WORK TO BE COMPLETED:
Extract all lines that hold "stroke" from the records below.

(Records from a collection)
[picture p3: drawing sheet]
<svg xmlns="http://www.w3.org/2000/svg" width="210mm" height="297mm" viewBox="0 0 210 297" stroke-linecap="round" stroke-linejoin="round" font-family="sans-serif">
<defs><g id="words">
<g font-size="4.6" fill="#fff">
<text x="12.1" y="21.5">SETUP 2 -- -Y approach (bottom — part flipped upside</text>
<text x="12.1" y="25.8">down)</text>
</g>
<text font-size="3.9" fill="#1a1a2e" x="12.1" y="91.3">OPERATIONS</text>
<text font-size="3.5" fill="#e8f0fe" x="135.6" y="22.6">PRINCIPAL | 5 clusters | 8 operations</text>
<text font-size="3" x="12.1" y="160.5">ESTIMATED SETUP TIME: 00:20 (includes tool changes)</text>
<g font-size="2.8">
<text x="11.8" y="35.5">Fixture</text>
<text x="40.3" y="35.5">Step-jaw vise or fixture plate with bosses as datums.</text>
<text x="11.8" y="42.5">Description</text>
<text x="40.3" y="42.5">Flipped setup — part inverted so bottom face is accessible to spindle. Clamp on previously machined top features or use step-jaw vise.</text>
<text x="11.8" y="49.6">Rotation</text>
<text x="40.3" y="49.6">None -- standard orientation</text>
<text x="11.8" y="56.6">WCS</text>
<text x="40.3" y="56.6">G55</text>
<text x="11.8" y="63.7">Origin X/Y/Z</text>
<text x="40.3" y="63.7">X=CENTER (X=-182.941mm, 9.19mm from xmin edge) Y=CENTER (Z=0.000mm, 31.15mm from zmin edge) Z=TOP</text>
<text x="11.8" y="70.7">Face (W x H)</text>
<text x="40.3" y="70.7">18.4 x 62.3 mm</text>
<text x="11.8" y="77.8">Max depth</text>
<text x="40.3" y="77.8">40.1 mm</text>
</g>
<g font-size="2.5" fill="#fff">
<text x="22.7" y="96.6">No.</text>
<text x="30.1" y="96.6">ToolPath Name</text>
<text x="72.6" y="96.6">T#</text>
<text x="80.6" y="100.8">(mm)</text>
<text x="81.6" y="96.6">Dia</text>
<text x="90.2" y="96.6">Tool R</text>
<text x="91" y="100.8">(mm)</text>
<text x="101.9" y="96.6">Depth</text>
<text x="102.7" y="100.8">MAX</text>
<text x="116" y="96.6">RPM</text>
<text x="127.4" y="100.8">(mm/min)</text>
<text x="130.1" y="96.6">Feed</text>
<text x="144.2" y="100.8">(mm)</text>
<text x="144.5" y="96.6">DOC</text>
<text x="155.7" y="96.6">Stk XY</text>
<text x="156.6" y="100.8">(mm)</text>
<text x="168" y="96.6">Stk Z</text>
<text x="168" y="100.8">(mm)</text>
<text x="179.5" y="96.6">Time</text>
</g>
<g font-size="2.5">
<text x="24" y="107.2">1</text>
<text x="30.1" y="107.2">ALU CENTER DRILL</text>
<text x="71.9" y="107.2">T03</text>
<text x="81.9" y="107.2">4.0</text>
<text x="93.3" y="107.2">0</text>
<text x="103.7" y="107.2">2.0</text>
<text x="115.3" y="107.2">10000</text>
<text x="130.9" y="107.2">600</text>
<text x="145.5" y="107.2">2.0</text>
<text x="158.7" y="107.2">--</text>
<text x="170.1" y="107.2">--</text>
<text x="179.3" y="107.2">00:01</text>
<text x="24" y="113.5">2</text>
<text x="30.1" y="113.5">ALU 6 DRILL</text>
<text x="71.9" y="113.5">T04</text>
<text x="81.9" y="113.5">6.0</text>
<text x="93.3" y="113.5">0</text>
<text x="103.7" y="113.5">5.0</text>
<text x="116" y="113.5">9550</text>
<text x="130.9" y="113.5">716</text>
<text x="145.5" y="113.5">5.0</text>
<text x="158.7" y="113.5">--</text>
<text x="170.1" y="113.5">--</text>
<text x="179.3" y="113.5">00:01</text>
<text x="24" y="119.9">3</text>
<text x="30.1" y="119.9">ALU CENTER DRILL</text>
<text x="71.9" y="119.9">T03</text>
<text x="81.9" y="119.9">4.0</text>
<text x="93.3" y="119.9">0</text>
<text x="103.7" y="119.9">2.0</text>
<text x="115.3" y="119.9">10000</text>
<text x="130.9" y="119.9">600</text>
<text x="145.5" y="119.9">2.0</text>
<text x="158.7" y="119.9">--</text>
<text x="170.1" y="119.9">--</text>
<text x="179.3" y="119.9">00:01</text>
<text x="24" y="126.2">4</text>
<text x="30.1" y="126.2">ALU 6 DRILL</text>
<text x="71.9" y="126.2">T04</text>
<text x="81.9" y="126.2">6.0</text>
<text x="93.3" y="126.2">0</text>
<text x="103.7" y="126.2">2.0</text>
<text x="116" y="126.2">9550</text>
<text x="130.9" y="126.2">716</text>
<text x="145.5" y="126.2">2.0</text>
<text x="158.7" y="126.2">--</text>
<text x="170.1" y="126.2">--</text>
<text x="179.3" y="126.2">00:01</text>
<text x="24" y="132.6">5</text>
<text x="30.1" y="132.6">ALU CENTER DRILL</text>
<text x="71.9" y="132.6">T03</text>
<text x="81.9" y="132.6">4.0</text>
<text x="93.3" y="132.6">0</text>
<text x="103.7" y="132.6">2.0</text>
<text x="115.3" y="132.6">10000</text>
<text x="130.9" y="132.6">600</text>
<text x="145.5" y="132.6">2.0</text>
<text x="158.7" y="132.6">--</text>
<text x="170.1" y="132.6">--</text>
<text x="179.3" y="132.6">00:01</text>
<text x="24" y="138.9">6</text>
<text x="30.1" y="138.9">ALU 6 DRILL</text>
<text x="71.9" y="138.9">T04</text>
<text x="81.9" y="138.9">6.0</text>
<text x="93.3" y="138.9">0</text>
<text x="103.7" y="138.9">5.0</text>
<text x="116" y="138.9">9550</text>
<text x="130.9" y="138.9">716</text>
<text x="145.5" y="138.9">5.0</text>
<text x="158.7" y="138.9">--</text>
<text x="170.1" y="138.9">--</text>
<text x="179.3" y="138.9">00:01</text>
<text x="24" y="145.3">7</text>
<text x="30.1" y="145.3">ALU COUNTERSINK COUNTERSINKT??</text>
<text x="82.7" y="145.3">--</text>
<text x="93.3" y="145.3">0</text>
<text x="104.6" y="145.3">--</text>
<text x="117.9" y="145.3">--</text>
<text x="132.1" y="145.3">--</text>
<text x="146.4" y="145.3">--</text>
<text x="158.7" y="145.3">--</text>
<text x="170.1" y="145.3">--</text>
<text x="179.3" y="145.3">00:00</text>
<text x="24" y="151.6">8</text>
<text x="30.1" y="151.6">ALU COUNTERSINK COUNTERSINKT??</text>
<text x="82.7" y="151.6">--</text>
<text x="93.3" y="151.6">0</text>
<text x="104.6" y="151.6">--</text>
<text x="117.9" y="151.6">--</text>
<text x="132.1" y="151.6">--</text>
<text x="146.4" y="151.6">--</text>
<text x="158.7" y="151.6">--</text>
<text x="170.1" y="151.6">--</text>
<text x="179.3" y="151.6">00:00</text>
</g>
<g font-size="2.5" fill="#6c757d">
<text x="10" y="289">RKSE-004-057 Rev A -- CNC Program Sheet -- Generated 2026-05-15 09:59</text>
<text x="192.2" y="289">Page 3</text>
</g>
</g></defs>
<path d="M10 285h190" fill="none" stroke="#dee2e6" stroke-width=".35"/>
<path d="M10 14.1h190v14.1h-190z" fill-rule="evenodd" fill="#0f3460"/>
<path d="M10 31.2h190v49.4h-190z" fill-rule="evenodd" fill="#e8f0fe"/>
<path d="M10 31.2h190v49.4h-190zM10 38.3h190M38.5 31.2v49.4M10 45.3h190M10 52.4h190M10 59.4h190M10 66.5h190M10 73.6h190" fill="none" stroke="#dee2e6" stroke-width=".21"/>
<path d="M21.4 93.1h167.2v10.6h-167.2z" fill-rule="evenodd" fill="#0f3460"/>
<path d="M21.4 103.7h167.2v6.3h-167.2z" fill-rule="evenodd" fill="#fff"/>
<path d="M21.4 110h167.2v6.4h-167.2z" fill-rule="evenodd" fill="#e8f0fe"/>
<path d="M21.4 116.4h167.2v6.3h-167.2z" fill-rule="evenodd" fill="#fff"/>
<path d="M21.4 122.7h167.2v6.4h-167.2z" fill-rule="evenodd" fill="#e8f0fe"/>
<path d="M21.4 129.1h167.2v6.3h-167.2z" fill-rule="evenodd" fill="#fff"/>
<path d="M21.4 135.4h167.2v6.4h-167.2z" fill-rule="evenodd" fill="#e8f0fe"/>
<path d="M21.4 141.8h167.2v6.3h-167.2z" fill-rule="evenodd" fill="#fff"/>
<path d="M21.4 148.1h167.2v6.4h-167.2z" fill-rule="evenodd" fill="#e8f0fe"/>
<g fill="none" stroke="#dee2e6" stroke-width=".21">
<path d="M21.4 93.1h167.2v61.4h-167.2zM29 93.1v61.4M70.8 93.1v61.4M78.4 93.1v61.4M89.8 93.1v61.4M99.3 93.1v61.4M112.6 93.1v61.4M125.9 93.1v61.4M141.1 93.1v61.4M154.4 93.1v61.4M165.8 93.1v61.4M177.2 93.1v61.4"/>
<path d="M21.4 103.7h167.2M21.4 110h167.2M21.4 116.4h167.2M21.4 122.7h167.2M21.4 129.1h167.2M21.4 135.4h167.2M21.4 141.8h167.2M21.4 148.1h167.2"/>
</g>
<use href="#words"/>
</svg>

TASK SOLUTION:
<svg xmlns="http://www.w3.org/2000/svg" width="210mm" height="297mm" viewBox="0 0 210 297" stroke-linecap="round" stroke-linejoin="round" font-family="sans-serif">
<path d="M10 285h190" fill="none" stroke="#dee2e6" stroke-width=".35"/>
<path d="M10 31.2h190v49.4h-190zM10 38.3h190M38.5 31.2v49.4M10 45.3h190M10 52.4h190M10 59.4h190M10 66.5h190M10 73.6h190" fill="none" stroke="#dee2e6" stroke-width=".21"/>
<g fill="none" stroke="#dee2e6" stroke-width=".21">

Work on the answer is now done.